Provider configuration lives in jdsl/config.py and jdsl/provider.py.

provider_for_model(model_id) uses model-name prefixes:

Prefix Provider
claude... Anthropic
deepseek... DeepSeek
gpt..., o1..., o3..., o4... OpenAI
gemini... Google
unknown Anthropic fallback

DeepSeek and OpenAI use the OpenAI-compatible client path. Anthropic uses the Anthropic SDK path. Google is recognized by config but the provider backend is not implemented in the current runtime.

Credentials¤

config.py loads .env on import and can also read stored keys from:

~/.local/share/recon/auth.json

The environment variable names are:

Provider Env var
Anthropic ANTHROPIC_API_KEY
OpenAI OPENAI_API_KEY
DeepSeek DEEPSEEK_API_KEY
Google GOOGLE_API_KEY

jdsl config add -p deepseek <key> merges keys into the stored config and deduplicates them.

Key Rotation¤

jdsl/router.py implements RoundRobinRouter.

LanguageModel.generate and LanguageModel.converse ask the router for the current key. On authentication, permission, or rate-limit errors, the model layer rotates to the next key and retries up to five attempts.
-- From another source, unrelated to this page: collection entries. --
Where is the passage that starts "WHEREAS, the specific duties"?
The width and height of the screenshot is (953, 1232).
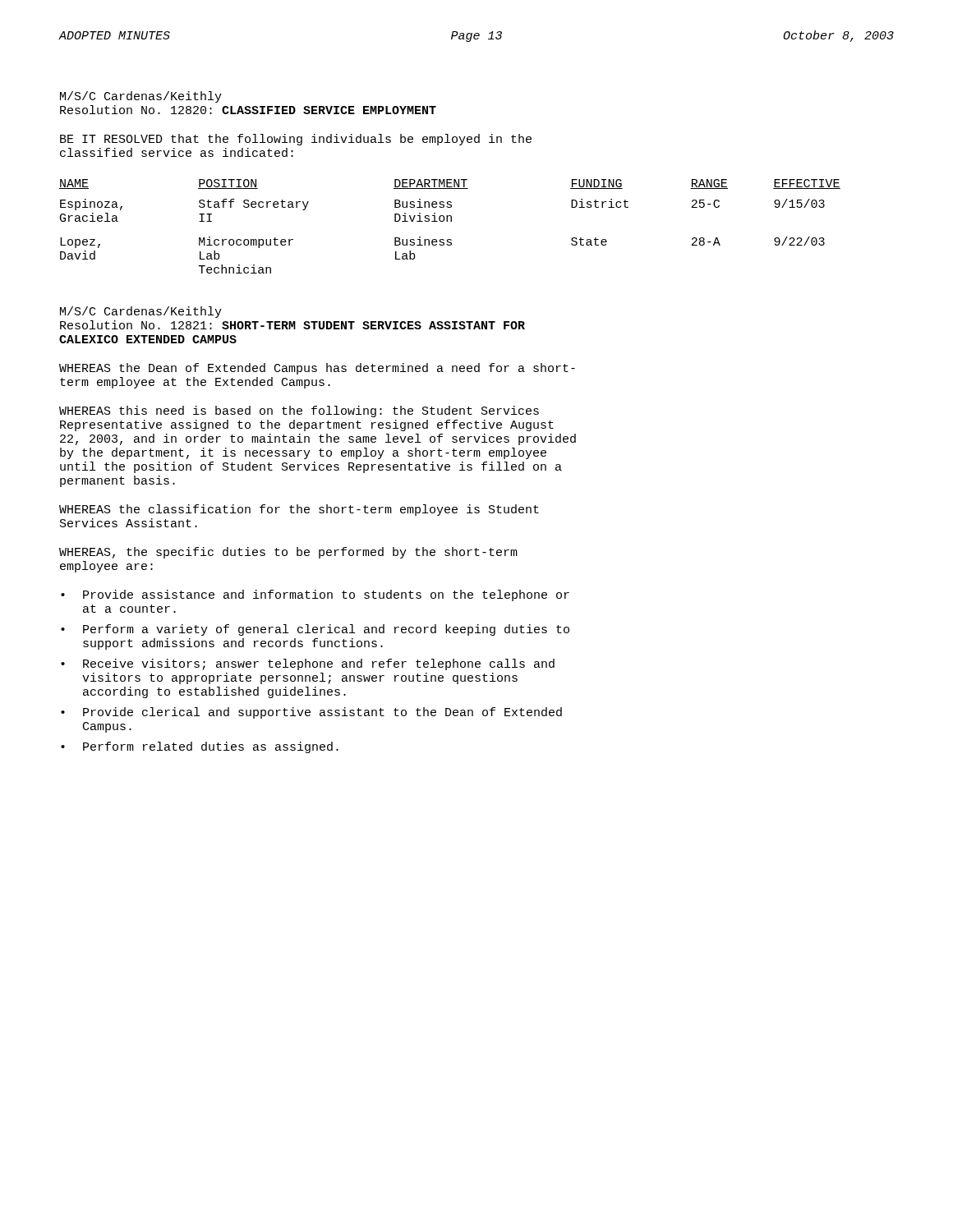(288, 560)
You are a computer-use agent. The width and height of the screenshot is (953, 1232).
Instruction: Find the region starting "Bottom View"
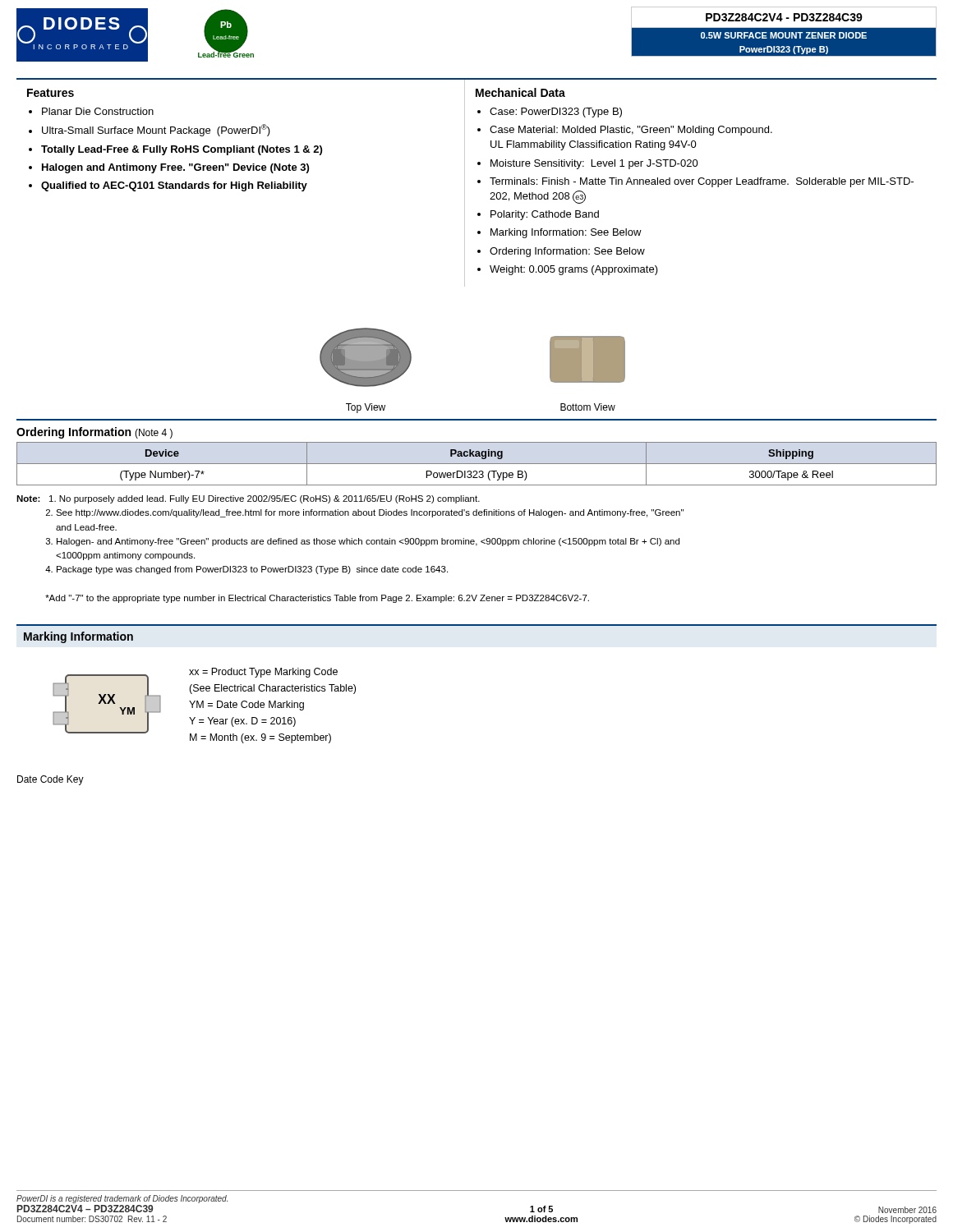coord(587,407)
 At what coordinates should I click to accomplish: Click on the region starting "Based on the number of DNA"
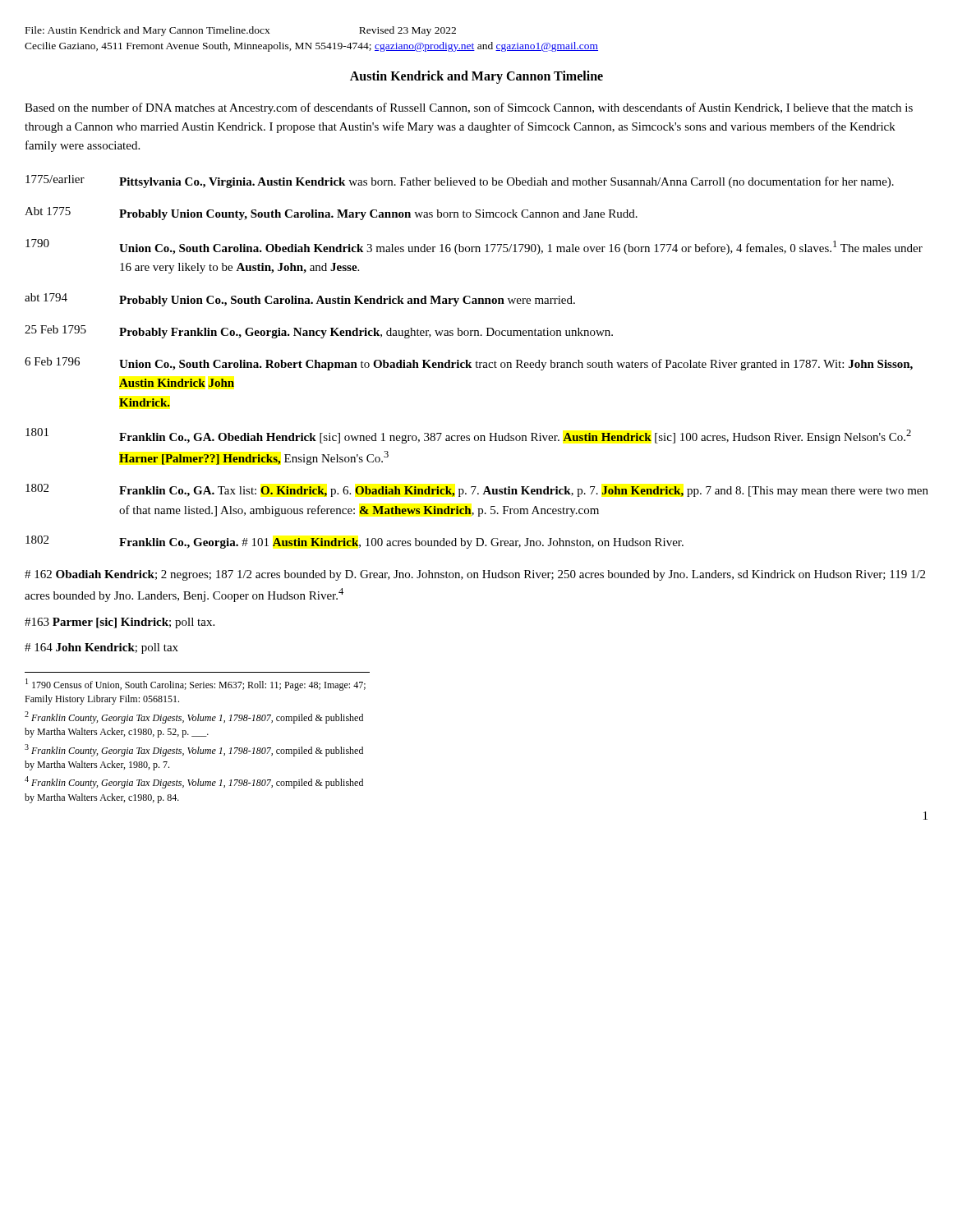(x=469, y=127)
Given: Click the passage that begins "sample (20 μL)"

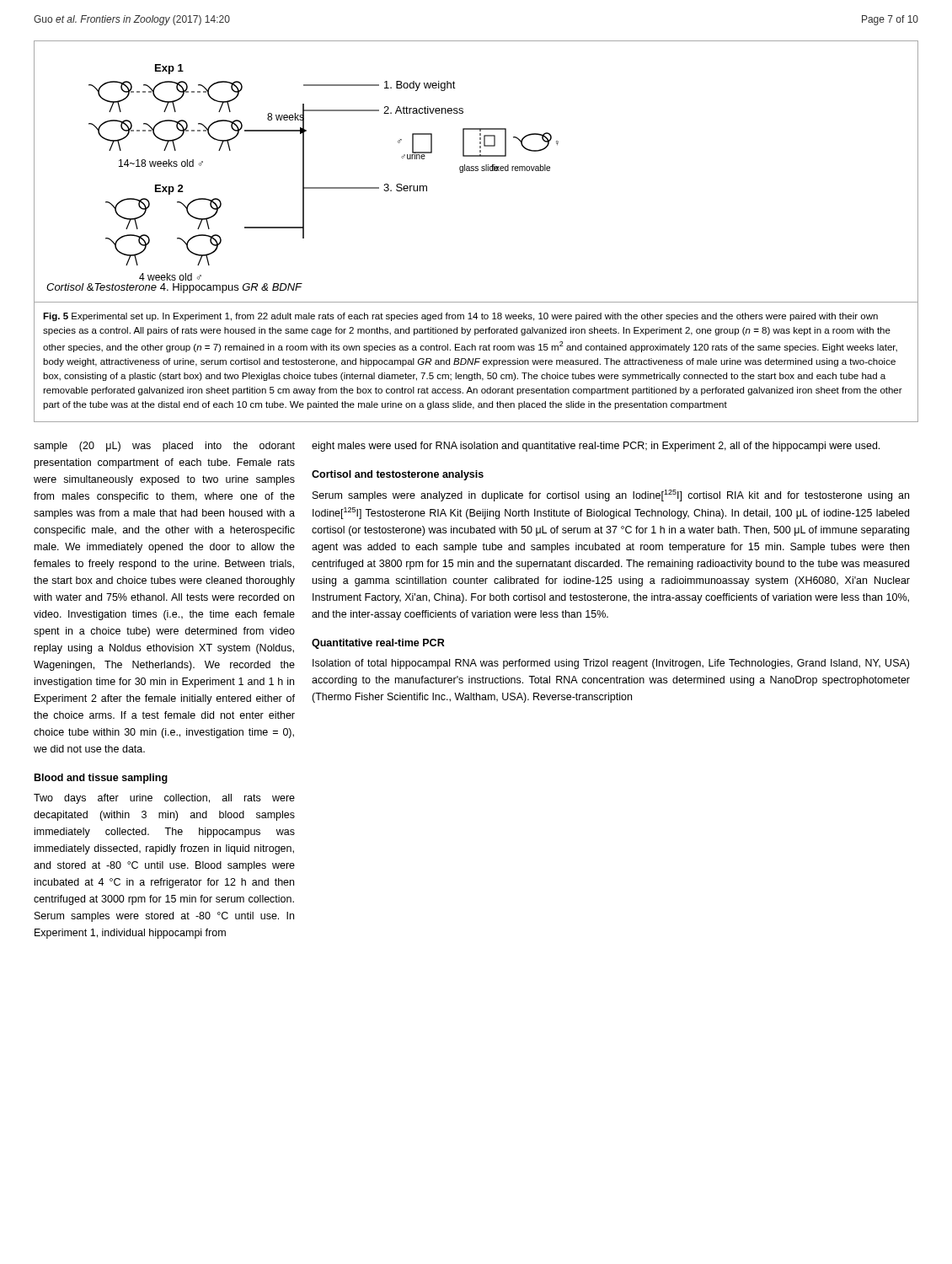Looking at the screenshot, I should coord(164,597).
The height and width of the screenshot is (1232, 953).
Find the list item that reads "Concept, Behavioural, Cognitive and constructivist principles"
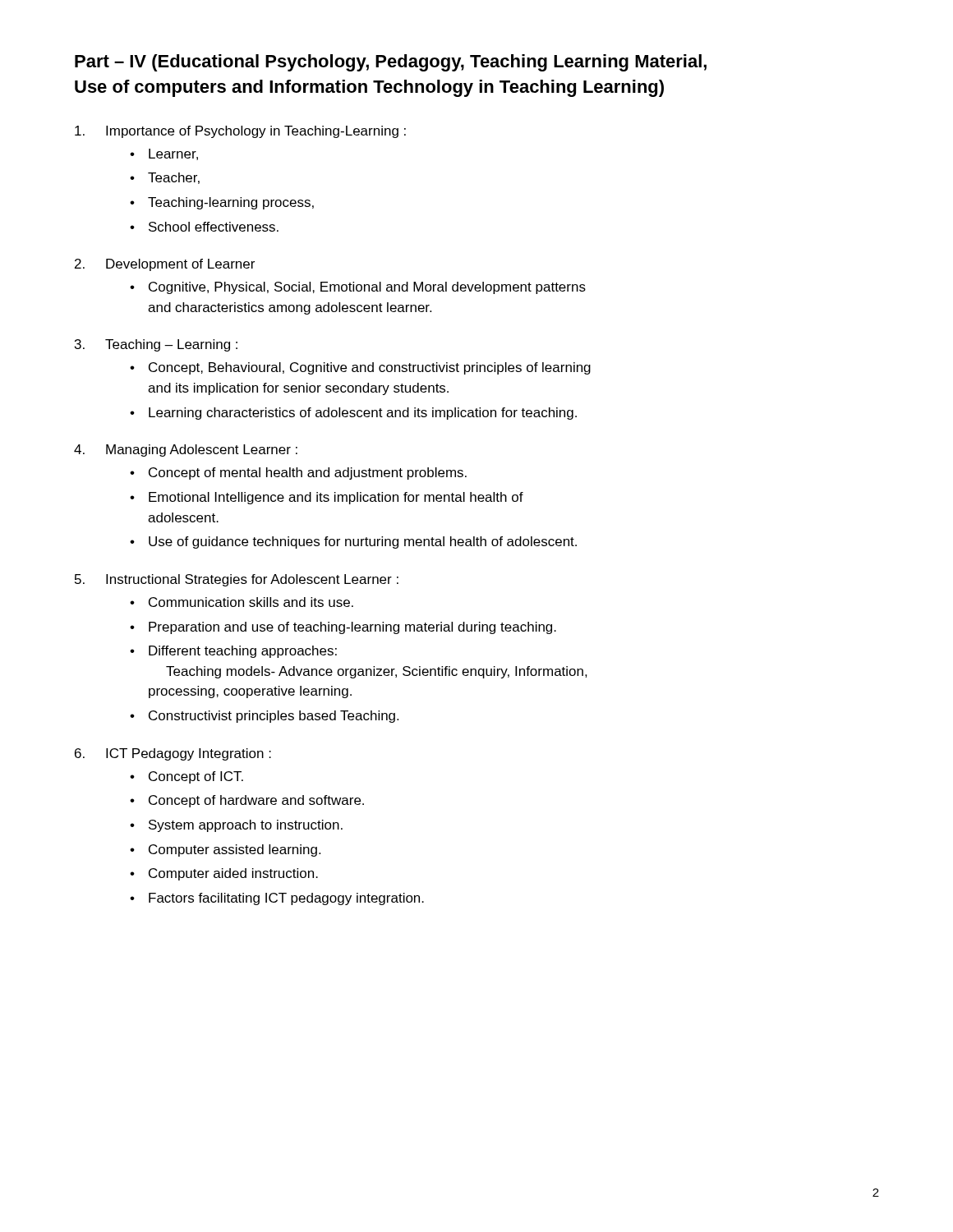370,378

This is provider-level rotation, not per-model health tracking. SmartRouter is currently an alias of RoundRobinRouter.

Package Commands¤

jdsl package run loads a .jdsl archive or package directory, imports a Python bindings file, reads a TOOLS dict and optional PREDICATES dict, then lowers the Behavior IR into runtime nodes.

The important boundary is this:

package names logical capabilities
host bindings provide Python callables
lowering connects them before execution

If a required capability is missing, load_package(...).as_root(...) fails before the behavior tree runs.